Exercise details :: With the pictures left out, retype exactly the lines below starting at the line that contains "Answer yes or no. Yes. Is Medium" and ending at the line that contains "What type of structures".

Records shown ::
▶

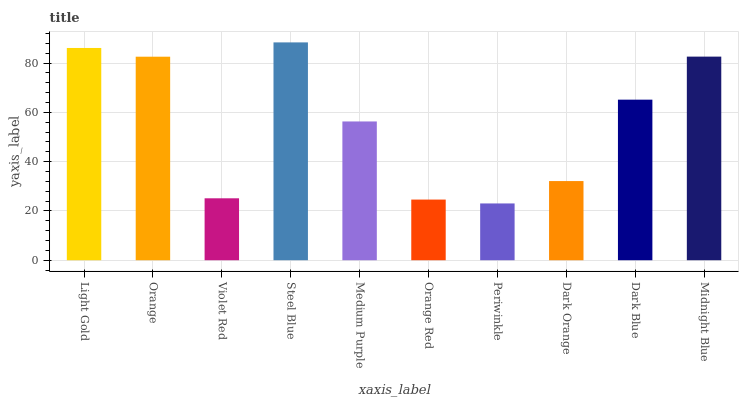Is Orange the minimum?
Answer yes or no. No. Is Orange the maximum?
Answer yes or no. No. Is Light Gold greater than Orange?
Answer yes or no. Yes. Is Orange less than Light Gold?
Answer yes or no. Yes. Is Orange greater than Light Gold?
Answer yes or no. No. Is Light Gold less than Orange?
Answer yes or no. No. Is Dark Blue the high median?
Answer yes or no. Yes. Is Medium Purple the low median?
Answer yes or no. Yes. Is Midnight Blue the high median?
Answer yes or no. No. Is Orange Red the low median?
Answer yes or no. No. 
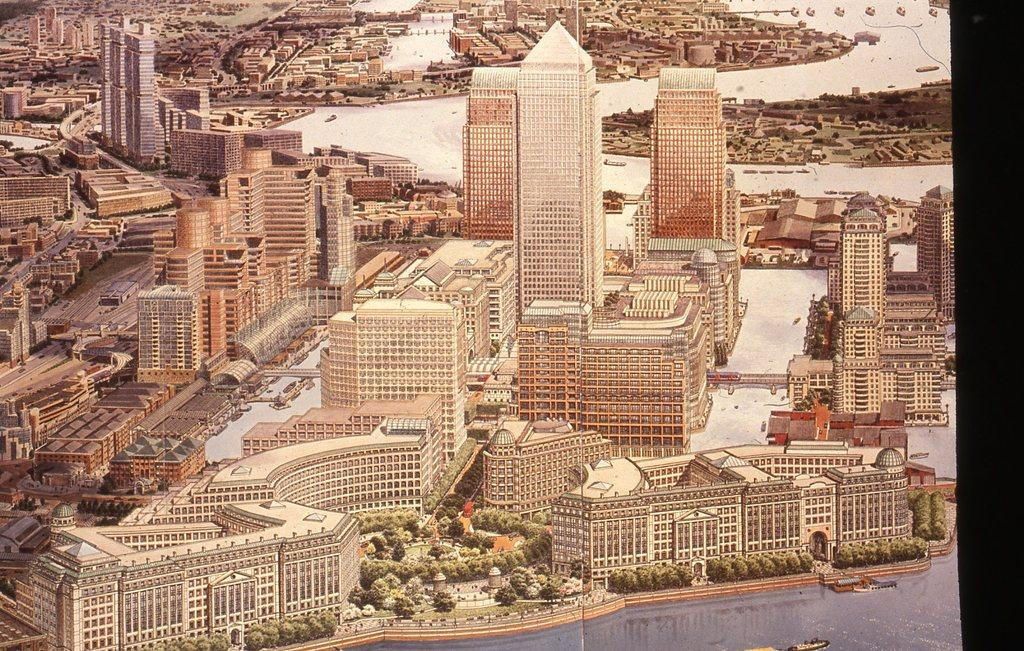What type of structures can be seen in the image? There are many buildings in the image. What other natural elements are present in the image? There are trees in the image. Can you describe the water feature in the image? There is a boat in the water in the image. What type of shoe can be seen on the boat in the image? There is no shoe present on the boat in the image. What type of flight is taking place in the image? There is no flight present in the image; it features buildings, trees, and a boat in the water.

◀
▶

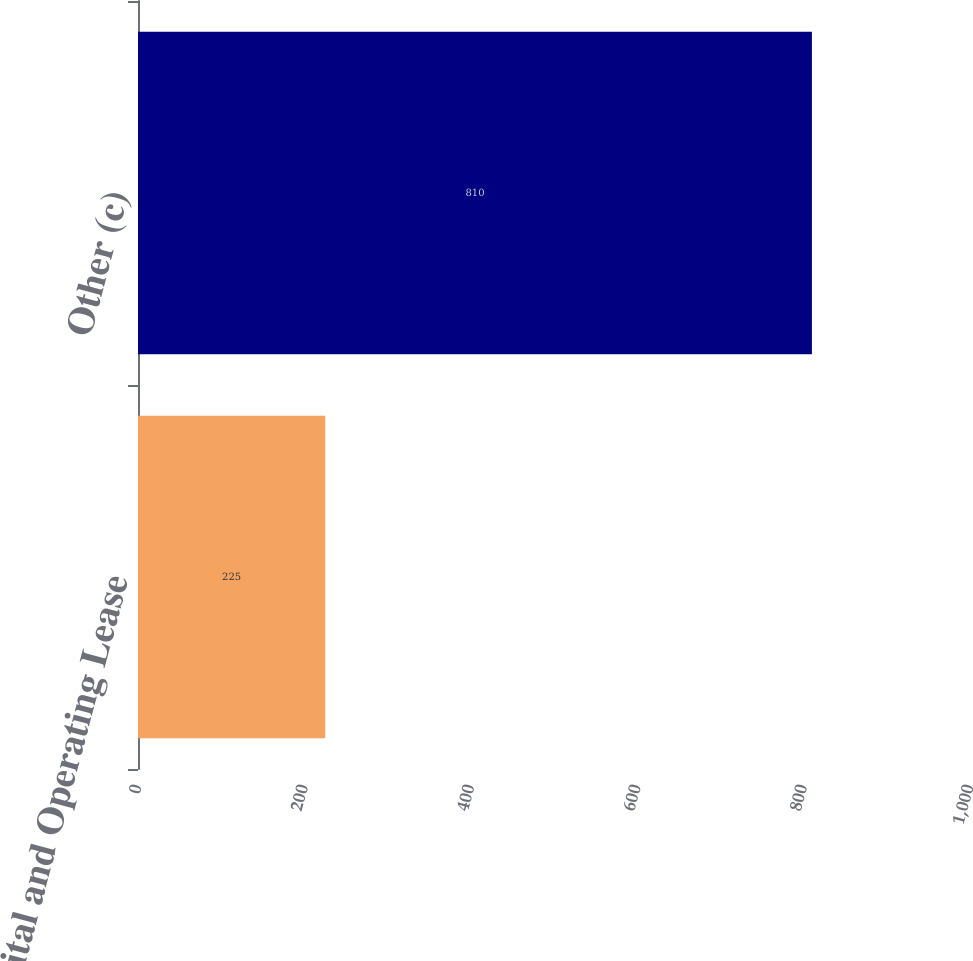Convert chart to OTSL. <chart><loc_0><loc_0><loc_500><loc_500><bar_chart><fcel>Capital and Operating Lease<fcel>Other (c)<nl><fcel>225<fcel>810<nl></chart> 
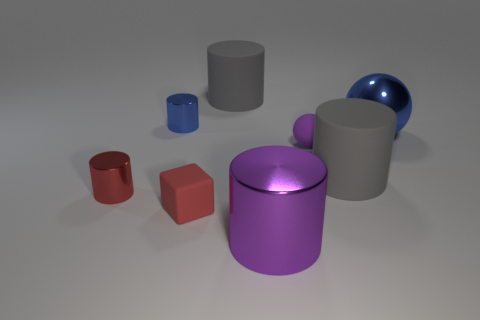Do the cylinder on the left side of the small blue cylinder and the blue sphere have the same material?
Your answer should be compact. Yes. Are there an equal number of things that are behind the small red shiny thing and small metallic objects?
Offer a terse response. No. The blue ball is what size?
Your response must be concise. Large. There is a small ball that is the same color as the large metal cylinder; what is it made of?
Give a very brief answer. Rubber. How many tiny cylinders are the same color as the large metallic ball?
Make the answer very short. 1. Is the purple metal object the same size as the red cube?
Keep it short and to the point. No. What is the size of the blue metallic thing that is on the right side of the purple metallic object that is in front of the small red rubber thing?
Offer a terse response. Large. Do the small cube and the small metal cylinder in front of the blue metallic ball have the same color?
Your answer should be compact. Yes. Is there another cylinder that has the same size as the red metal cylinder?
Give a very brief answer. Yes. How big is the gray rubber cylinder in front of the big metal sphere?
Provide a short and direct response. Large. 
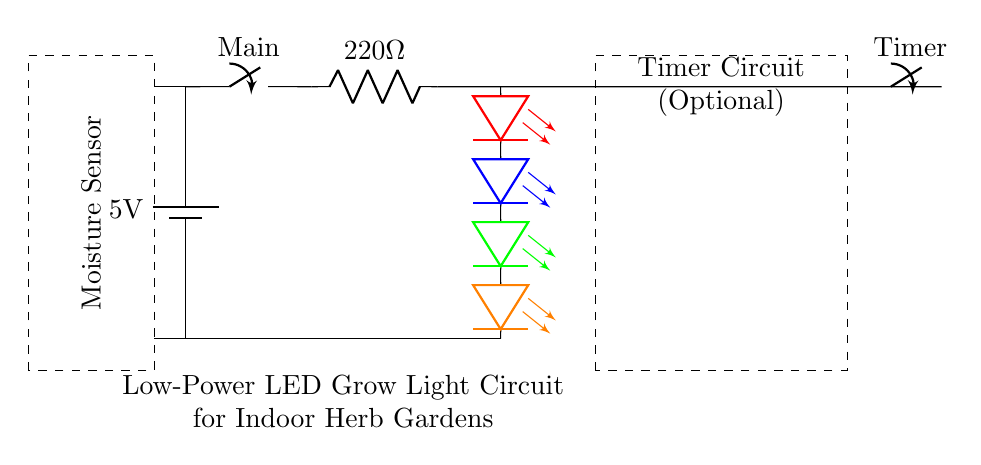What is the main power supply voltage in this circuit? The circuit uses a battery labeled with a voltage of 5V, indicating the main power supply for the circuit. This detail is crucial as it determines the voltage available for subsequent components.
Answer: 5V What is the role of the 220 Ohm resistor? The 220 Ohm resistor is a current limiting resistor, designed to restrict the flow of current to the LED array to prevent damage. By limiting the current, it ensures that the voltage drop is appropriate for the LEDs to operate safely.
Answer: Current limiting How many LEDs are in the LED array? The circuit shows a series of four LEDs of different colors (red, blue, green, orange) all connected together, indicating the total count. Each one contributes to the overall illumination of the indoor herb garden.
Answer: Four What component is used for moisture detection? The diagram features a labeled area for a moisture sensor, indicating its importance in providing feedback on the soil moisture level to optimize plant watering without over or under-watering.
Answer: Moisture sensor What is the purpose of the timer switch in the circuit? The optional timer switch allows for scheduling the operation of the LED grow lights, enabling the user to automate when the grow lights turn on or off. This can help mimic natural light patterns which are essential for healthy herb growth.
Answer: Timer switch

◀

Output for this exercise ::
Answer yes or no. Yes. Is Medium Purple the low median?
Answer yes or no. Yes. Is Midnight Blue the high median?
Answer yes or no. No. Is Orange Red the low median?
Answer yes or no. No. 
What type of structures can be seen in the image? There are many buildings in the image. What other natural elements are present in the image? There are trees in the image. Can you describe the water feature in the image? There is a boat in the water in the image. What type of shoe can be seen on the boat in the image? There is no shoe present on the boat in the image. What type of flight is taking place in the image? There is no flight present in the image; it features buildings, trees, and a boat in the water.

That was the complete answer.